LEC -= retransmit_bytes 


For each ACK: 
LEC -= SMSS 


After one RTT: 
LEG += LEC 


(The LEC now estimates the number of outstanding bytes 
that should be ConEx L-marked.) 


After the first RTT for each following retransmissions: 


if (LEC > 0): LEC -= retransmit_bytes 
else if (LEC==0): LEG += retransmit_bytes 


if (LEC < 0): LEG += -LEC 


(The LEG is not increased for those bytes that were 
already counted.) 


3.2. Explicit Congestion Notification (ECN) 

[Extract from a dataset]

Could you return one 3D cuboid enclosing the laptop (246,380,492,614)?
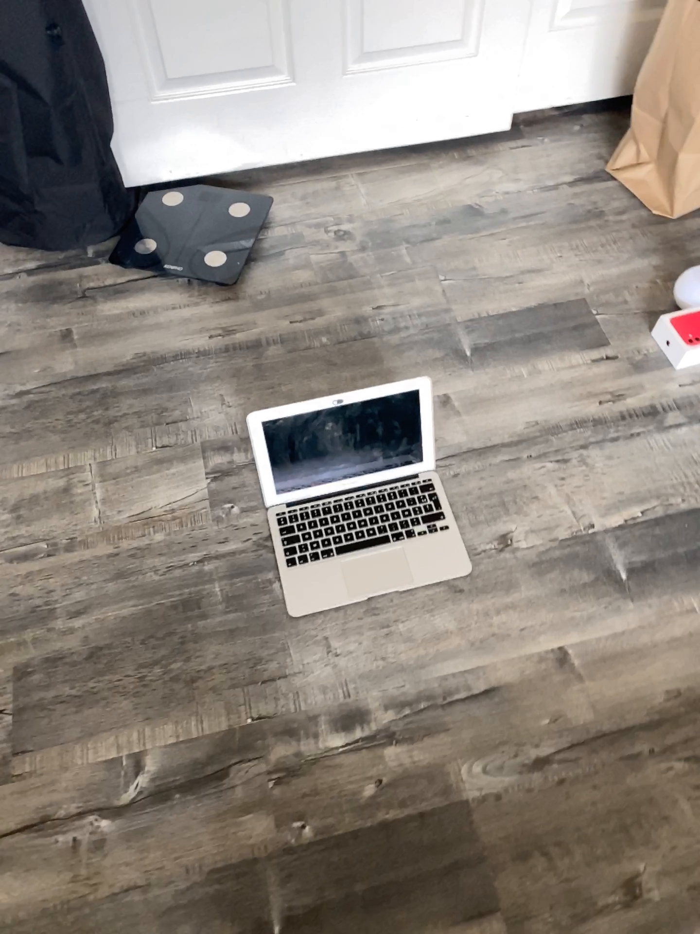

ECN [RFC3168] is an IP/TCP mechanism that allows network nodes to 
mark packets with the Congestion Experienced (CE) mark instead of 
dropping them when congestion occurs. 


A receiver might support classic ECN, the more accurate ECN feedback 
scheme (AccECN), or neither. In the case that ECN is not supported 
for a connection, of course no ECN marks will occur; thus, the sender 
will never set the E flag. Otherwise, a ConEx sender needs to 
maintain a signed counter, the Congestion Exposure Gauge (CEG), for 
the number of outstanding bytes that have to be ConEx-Marked with the 
E flag. 


Kuehlewind & Scheffenegger Experimental [Page 8] 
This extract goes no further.